(Items listed in a dataset)

++++++

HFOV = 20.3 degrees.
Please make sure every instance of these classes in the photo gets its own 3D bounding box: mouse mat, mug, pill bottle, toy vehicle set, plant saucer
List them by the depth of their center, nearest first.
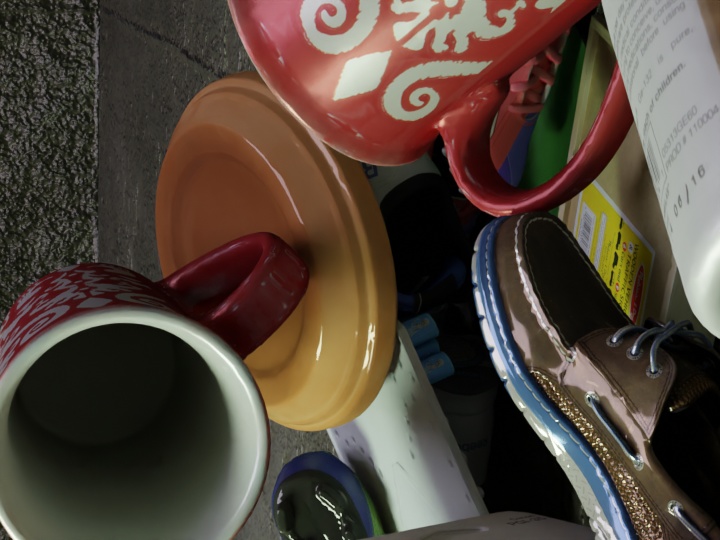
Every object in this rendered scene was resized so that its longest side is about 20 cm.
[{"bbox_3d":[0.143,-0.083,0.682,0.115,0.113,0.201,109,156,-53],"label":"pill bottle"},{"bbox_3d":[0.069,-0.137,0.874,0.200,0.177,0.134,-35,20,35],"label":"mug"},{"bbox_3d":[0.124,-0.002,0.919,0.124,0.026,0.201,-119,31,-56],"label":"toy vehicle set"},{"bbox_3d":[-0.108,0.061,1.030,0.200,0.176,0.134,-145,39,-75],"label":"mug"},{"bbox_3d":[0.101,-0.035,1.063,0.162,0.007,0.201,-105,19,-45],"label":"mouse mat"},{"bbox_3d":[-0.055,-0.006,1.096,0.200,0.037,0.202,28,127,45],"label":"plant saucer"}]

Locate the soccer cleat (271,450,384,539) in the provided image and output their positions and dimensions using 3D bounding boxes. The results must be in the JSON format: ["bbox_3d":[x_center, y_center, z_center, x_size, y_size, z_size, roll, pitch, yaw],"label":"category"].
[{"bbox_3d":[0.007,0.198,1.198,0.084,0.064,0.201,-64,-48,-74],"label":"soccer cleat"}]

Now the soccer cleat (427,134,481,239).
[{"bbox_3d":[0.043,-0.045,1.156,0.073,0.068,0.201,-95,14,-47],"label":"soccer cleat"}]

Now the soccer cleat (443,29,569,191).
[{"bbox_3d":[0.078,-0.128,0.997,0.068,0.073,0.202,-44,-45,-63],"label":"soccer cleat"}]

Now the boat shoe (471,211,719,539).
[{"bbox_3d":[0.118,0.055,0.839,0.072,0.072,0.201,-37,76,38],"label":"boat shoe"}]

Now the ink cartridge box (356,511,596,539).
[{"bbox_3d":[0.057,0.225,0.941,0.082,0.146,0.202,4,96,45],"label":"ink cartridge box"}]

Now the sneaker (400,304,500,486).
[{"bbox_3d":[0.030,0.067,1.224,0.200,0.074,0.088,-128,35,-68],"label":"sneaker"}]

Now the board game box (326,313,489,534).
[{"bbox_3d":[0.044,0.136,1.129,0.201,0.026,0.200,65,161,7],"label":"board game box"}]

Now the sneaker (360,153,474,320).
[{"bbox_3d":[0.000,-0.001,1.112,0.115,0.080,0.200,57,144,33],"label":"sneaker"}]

++++++

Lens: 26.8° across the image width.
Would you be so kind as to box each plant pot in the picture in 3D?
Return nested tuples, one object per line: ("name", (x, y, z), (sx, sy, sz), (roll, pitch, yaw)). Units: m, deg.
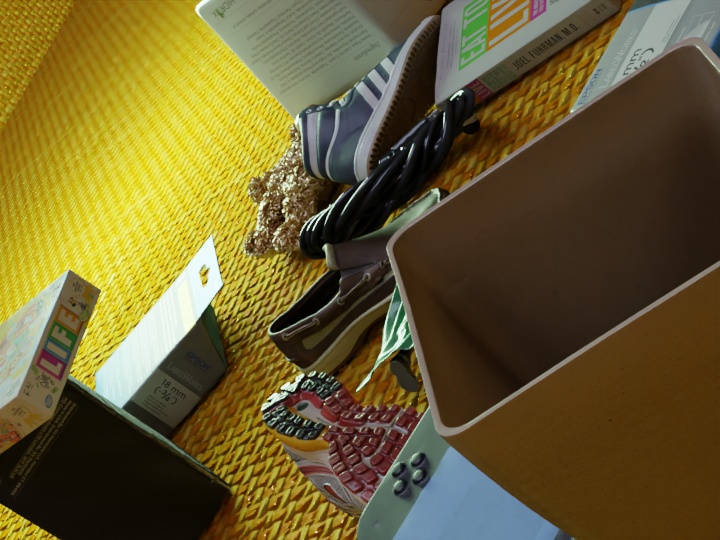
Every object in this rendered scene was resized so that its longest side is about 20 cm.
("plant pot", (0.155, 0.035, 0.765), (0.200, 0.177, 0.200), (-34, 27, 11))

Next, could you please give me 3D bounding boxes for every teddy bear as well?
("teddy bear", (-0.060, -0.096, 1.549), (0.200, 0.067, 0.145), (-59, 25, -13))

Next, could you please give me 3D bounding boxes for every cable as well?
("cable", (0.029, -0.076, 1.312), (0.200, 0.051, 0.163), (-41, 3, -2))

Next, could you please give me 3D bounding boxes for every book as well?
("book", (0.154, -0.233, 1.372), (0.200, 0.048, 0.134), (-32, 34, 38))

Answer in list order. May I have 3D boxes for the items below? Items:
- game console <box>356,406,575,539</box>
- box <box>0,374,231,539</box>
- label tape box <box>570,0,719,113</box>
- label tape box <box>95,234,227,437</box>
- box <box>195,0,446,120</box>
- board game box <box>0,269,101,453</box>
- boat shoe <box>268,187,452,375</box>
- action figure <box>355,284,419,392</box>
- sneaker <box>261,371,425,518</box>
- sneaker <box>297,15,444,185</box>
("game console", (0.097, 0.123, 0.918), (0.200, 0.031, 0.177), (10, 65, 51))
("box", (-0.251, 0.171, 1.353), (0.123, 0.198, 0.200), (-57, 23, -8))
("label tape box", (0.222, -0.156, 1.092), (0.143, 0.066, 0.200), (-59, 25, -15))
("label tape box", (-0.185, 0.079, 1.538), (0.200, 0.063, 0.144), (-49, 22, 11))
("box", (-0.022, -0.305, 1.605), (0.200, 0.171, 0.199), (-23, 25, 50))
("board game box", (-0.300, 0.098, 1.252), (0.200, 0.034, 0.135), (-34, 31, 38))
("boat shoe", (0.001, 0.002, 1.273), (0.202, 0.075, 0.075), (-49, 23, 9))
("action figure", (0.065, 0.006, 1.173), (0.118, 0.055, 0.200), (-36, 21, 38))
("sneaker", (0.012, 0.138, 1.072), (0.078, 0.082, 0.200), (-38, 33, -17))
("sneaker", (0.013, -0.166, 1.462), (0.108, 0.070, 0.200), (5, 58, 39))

++++++

● Task
All that is wanted is an exact copy of the lines above from the one with "HFOV = 20.3 degrees." through the one with "List them by", with both ends included.

● Solved exercise
HFOV = 20.3 degrees.
Please make sure every instance of these classes in the photo gets its own 3D bounding box: mouse mat, mug, pill bottle, toy vehicle set, plant saucer
List them by the depth of their center, nearest first.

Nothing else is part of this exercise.